I’ve recently been involved in performance testing a SharePoint 2013 farm. This has led to some discoveries on what you can use vCops for when you do performance testing, including what metrics you should look at.
The setup we used for testing, was what Microsoft calls a Medium Farm topology. It consists of 2 Web Frontends, 2 application servers for search and index and 1 database server. In front of the web frontends we’ve placed a Citrix Netscaler for load balancing, SSL off load and such. Each server runs Windows 2012, the SharePoint is 2013 and Microsoft SQL is 2012. The SharePoint has a few webparts on the front page that’s been built for the webpage.
- Webservers: 16 vCpu’s 16 Gb ram
- Application Servers: 8 vCpu’s 8 Gb ram
- Database Server: 8 vCpu’s and 16 Gb ram
All these were run on a single vSphere 5.0 host with 4 CPU’s and 8 cores each, and 196 Gb of Ram, giving us 32 cores. So at this point we were overcomitting on CPU somewhat, having 56 vCpu’s provisioned. These were not the final destination hosts of these servers, at the final destination hosts we wouldn’t overcommit. However we were certain that if we saw bottlenecks here then they would also be present at the final destination for the farm.

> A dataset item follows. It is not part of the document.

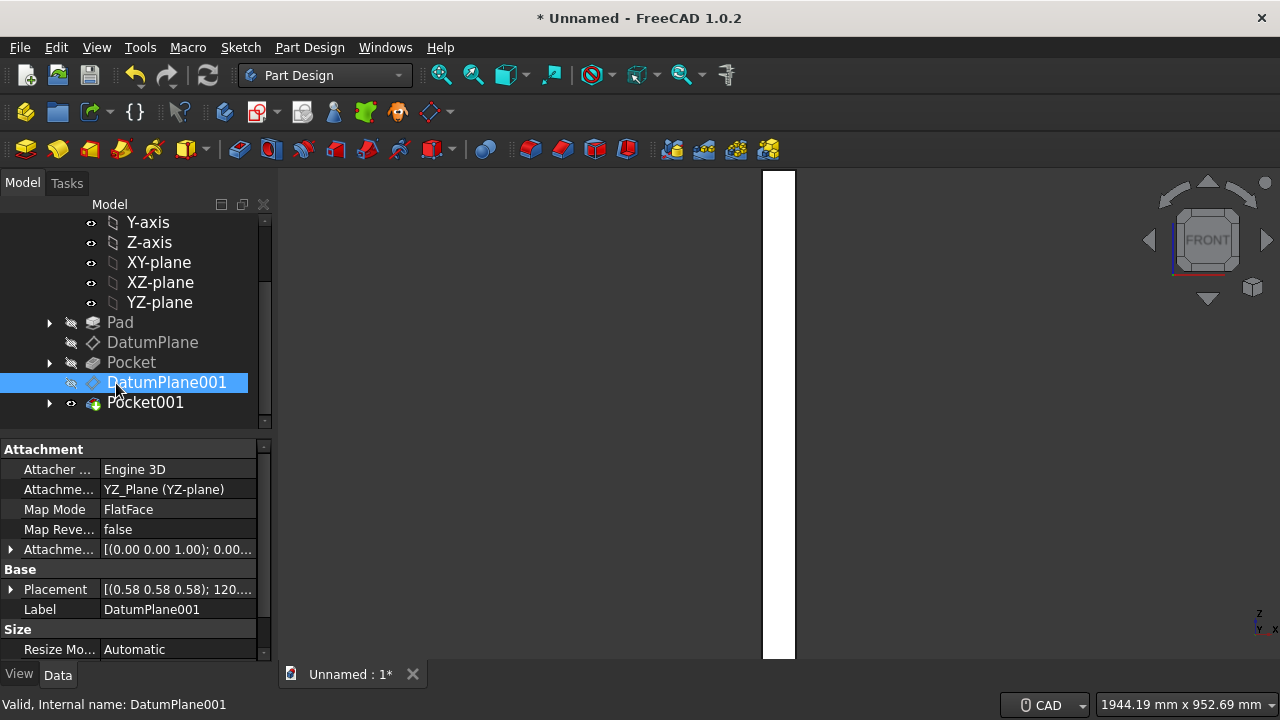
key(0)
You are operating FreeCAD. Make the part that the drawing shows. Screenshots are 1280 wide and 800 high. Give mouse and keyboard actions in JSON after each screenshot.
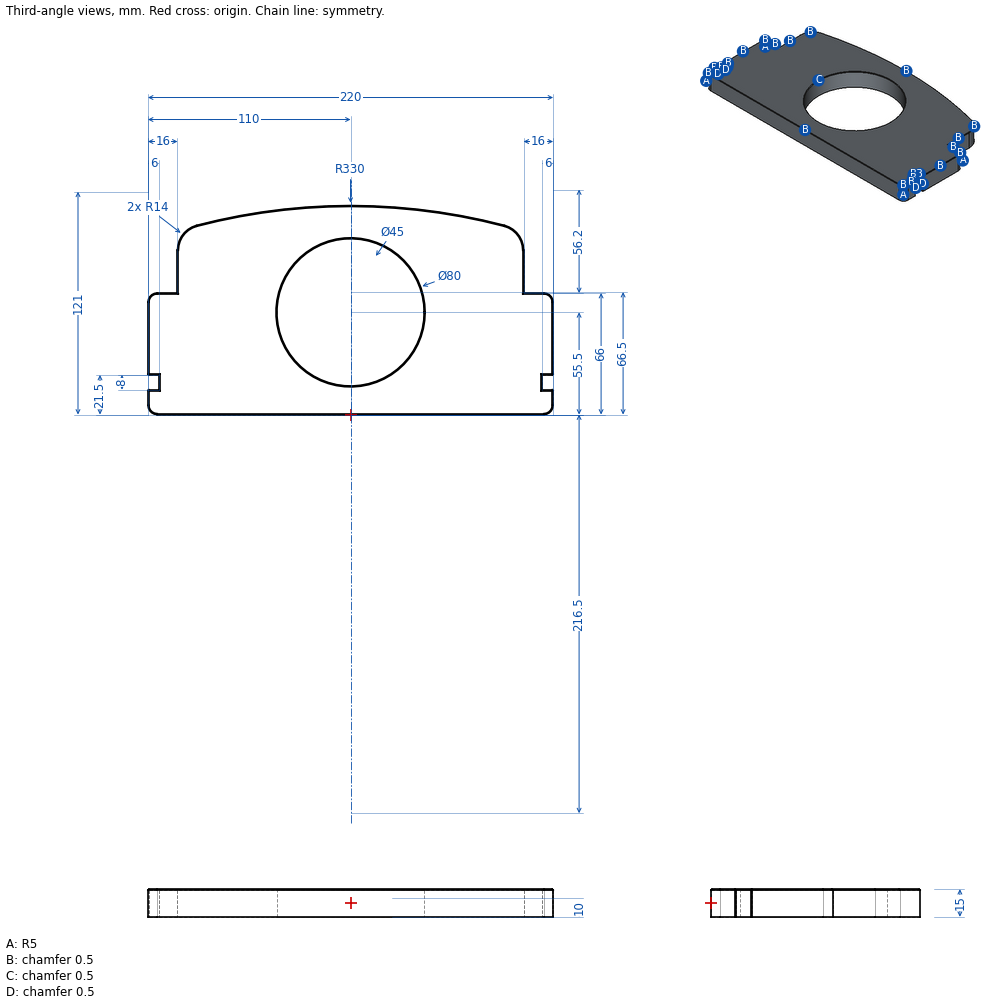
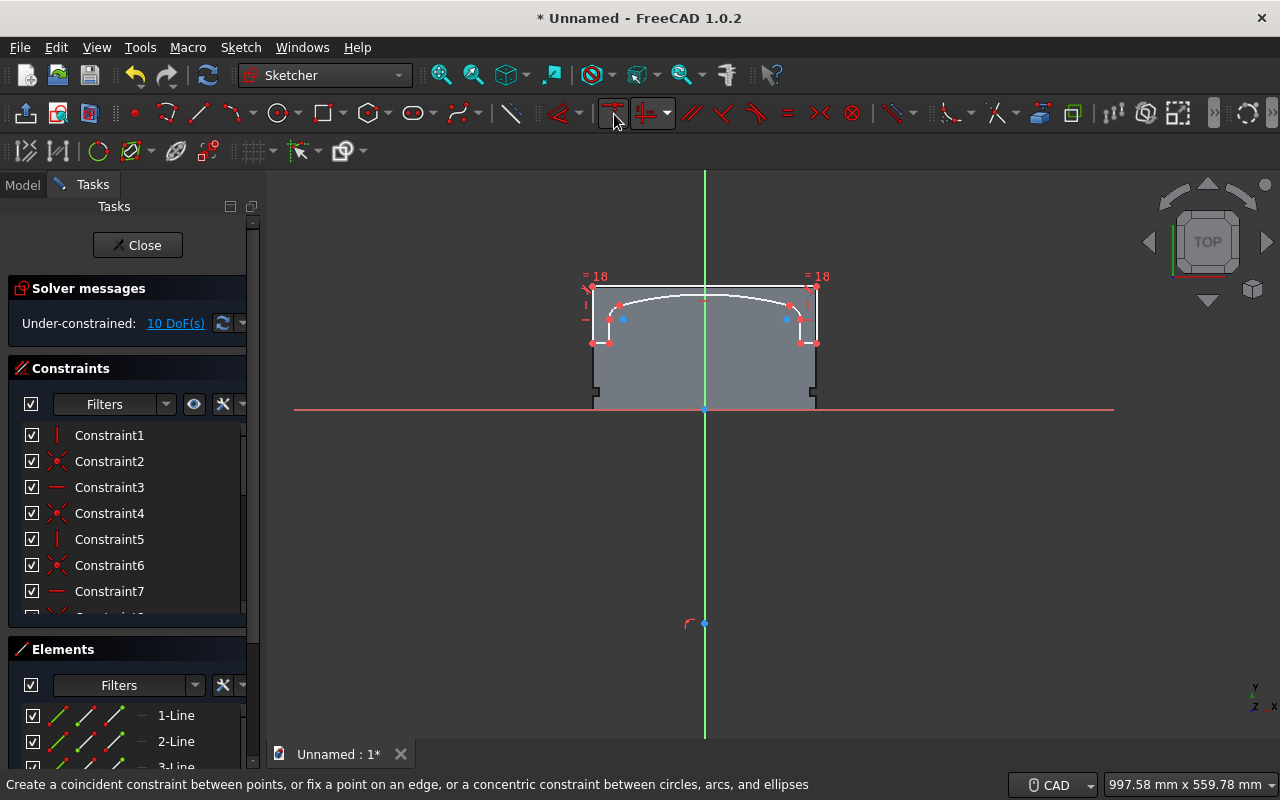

Inside Windows we could see the CPU maxing out, to a point where system processes were complaining, and we saw load times of over 30 seconds for the front page.
First thing that happened was someone was looking inside windows and saying more CPU is needed. I, however was looking at vCenter performance and only seeing a max of roughly 40% CPU usage. When looking at vCops i saw a Usage maxing out at 35.63% but a demand of 54.52%.
I interpreted that result as, the VM actually requested more CPU than vmware was giving it. However it was decided to try and give 8 more vCpu’s to the Webservers, instead of scaling them down to 8 vCpu’s
Running the test again with 24 vCpu webservers yielded the exact same result, more than 30 second load times and CPU inside windows maxing out. Looking at vCops we saw this:
An even lower % Usage and Demand. I’m thinking we’re overcomitting too much now, and going back into vCops i pulled out the %Ready counters as well, for both feb 20 and 21.
What that told us was that at 16 vCpu’s %READY maxed out at around 14%, which is kinda bad. And adding 8 more vCpu’s that jumps to 28.75%, meaning close 1/3 of the time the machine was ready, but couldn’t get access to a CPU on the host. One funny thing you can tell from the first picture, is that you can tell when the 8 vCpu’s were added, since that moved the “idle” %READY from around 6% to 14.87%.
The following Monday we scaled the machines down from 24 to 8 vCpus’s and ran the test again. Load times were still at around 30 seconds, so we didn’t really solve the problem, but looking at vCops we saw a completely different picture
The graphs shows the %READY dropping from roughly 12% to around 1%, and funny thing here is that, while we’re running the test the %READY drops even further.
At this time we decided to give Michael Monberg from Vmware a call, to ask about what to look for in vCops. He showed us this neat trick, when looking at performance metrics for a given VM, and have some graphs from the VM showing, like the ones above, you can do this:
Click on the + sign near the health tree
It expands and shows you:
The host, the VM and the Datastore, if you then single click on the host, you get a new Metric Selector
But one from the Host, so expanding the CPU Usage i could select the Core Utilization metric and add that to the graph page. That now gave us graphs from the VM and the Host and the same time. Showing the graphs from Feb 20, 21 and 24 but with the new metric added:
Feb 20, 16 vCpu’s
Feb 21th 24 vCpu’s
Feb 24th 8 vCpu’s
From that we could tell that with 16 and 24 vCpu’s the host was totally maxed out on its physical cores, where on 8 vCpu’s we only used around 66%. So when the VM metric only shows 35% CPU usage the Host was maxed out, and thus adding the 8 extra vCpu’s had no positive effect on the VM.
When we ran the test with 8 vCpu’s and got the exact same results, we actually weren’t crossing NUMA nodes, which is what Microsoft recommends. See my blog post on NUMA and vNUMA here
This blog post was written to show some of the nice things you can do with vCenter Operations, and i hope you found it useful.